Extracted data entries
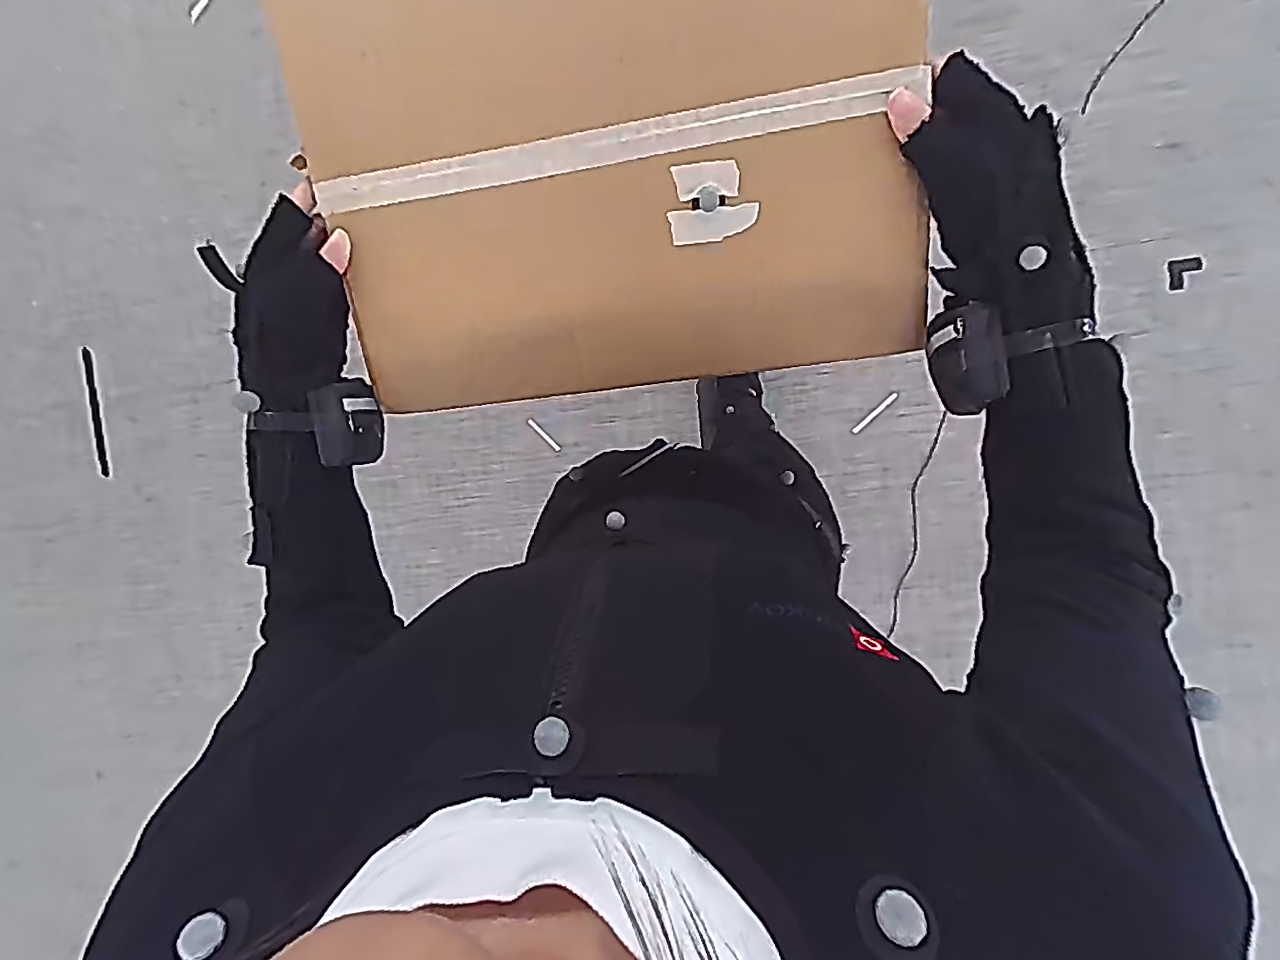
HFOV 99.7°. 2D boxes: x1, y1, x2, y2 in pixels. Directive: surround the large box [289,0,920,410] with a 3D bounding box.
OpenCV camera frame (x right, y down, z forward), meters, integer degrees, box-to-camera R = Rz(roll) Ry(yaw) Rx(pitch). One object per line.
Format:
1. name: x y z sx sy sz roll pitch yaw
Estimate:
1. large box: -0.008 -0.268 0.509 0.408 0.320 0.320 -7 107 7
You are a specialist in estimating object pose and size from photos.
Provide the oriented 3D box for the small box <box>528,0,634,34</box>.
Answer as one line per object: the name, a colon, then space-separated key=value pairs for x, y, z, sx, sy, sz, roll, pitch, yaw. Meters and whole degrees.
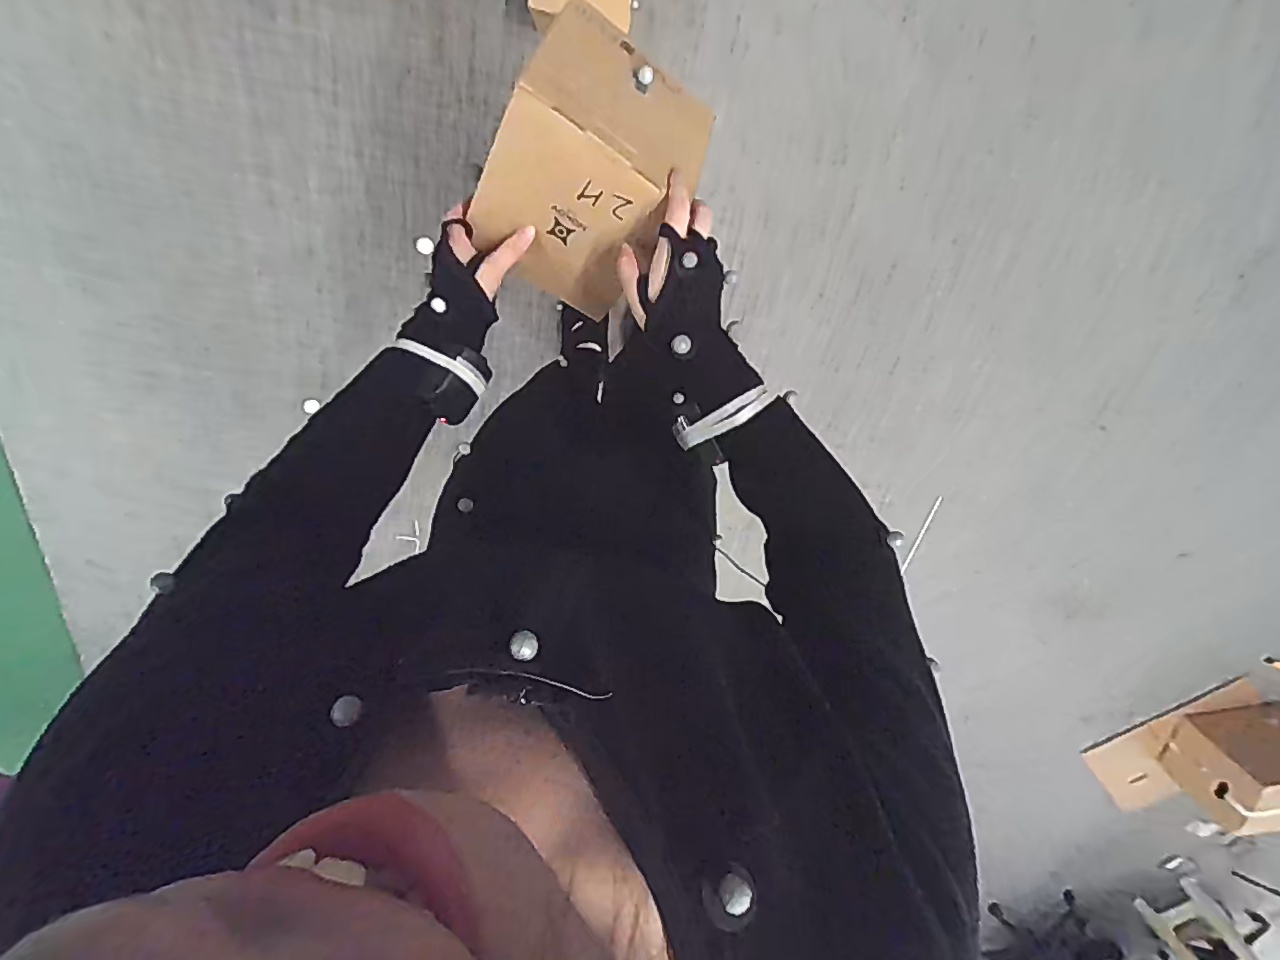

*Task to complete*: Only text belongs in the copy: repeat each line of the data exactly and leave out the pictures.

*Written solution*:
HFOV 99.7°. 2D boxes: x1, y1, x2, y2 in pixels. Directive: surround the large box [289,0,920,410] with a 3D bounding box.
OpenCV camera frame (x right, y down, z forward), meters, integer degrees, box-to-camera R = Rz(roll) Ry(yaw) Rx(pitch). One object per line.
Format:
1. name: x y z sx sy sz roll pitch yaw
Estimate:
1. large box: -0.008 -0.268 0.509 0.408 0.320 0.320 -7 107 7
You are a specialist in estimating object pose and size from photos.
Provide the oriented 3D box for the small box <box>528,0,634,34</box>.
Answer as one line per object: the name, a colon, then space-separated key=value pairs for x, y, z, sx, sy, sz, roll, pitch, yaw. Meters and whole degrees.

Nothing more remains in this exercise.